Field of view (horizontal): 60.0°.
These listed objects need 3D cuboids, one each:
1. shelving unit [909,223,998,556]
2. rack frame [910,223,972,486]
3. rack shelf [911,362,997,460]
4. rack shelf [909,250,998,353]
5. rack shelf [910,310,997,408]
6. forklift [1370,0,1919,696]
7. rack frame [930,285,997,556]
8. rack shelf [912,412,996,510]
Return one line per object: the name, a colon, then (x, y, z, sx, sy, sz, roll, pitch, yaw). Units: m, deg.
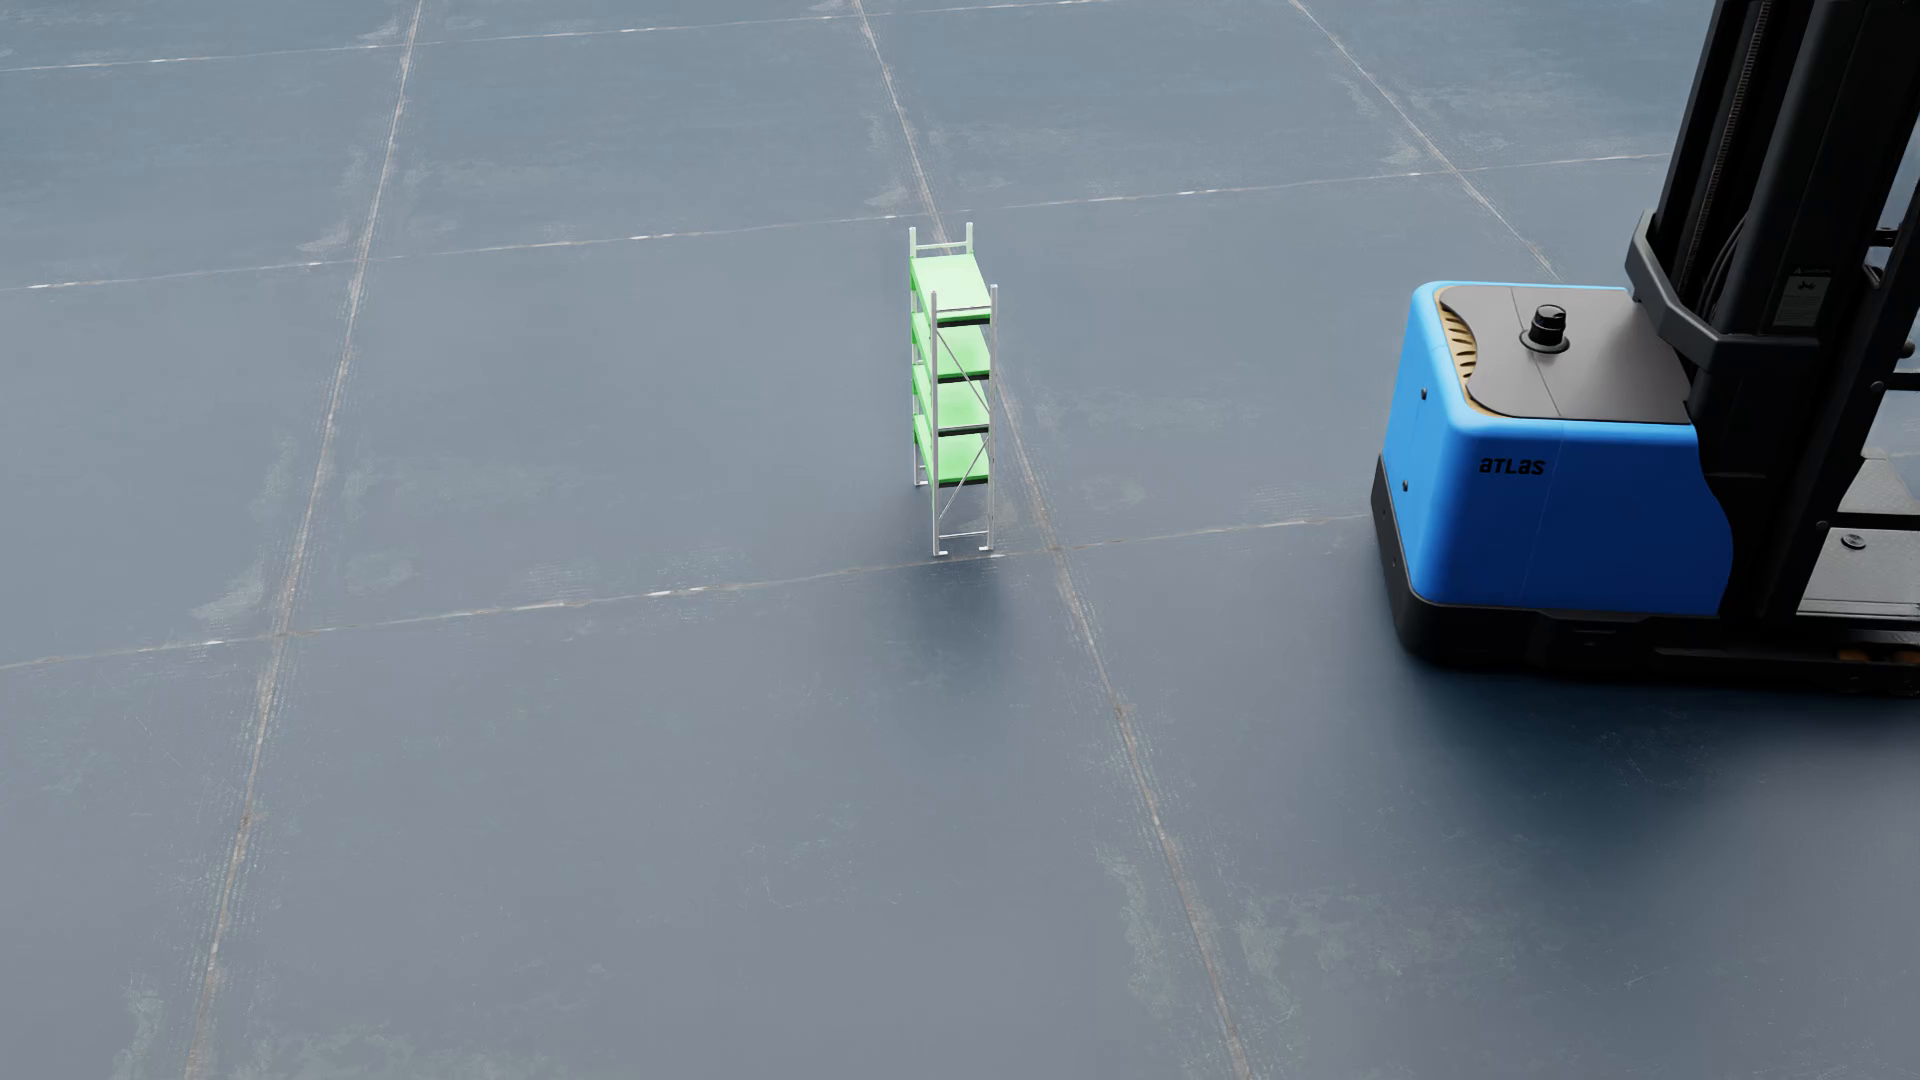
shelving unit: (-0.029, -0.574, 6.511, 0.258, 1.200, 0.503, -6, 38, -8)
rack frame: (-0.072, -0.721, 6.700, 0.240, 1.200, 0.015, -6, 38, -8)
rack shelf: (-0.029, -0.523, 6.550, 0.258, 0.148, 0.480, -6, 38, -8)
rack shelf: (-0.029, -0.902, 6.255, 0.258, 0.148, 0.480, -6, 38, -8)
rack shelf: (-0.029, -0.713, 6.403, 0.258, 0.148, 0.480, -6, 38, -8)
forklift: (3.168, -0.934, 5.563, 3.031, 2.935, 1.130, 3, 38, 3)
rack frame: (0.014, -0.426, 6.321, 0.240, 1.200, 0.015, -6, 38, -8)
rack shelf: (-0.029, -0.334, 6.697, 0.258, 0.148, 0.480, -6, 38, -8)

==============================

WHAT NEEDS TO BE DONE:
Output everything in the material exactly. Pictures stay out of it.

EXERCISE RESPONSE:
Field of view (horizontal): 60.0°.
These listed objects need 3D cuboids, one each:
1. shelving unit [909,223,998,556]
2. rack frame [910,223,972,486]
3. rack shelf [911,362,997,460]
4. rack shelf [909,250,998,353]
5. rack shelf [910,310,997,408]
6. forklift [1370,0,1919,696]
7. rack frame [930,285,997,556]
8. rack shelf [912,412,996,510]
Return one line per object: the name, a colon, then (x, y, z, sx, sy, sz, roll, pitch, yaw). Units: m, deg.
shelving unit: (-0.029, -0.574, 6.511, 0.258, 1.200, 0.503, -6, 38, -8)
rack frame: (-0.072, -0.721, 6.700, 0.240, 1.200, 0.015, -6, 38, -8)
rack shelf: (-0.029, -0.523, 6.550, 0.258, 0.148, 0.480, -6, 38, -8)
rack shelf: (-0.029, -0.902, 6.255, 0.258, 0.148, 0.480, -6, 38, -8)
rack shelf: (-0.029, -0.713, 6.403, 0.258, 0.148, 0.480, -6, 38, -8)
forklift: (3.168, -0.934, 5.563, 3.031, 2.935, 1.130, 3, 38, 3)
rack frame: (0.014, -0.426, 6.321, 0.240, 1.200, 0.015, -6, 38, -8)
rack shelf: (-0.029, -0.334, 6.697, 0.258, 0.148, 0.480, -6, 38, -8)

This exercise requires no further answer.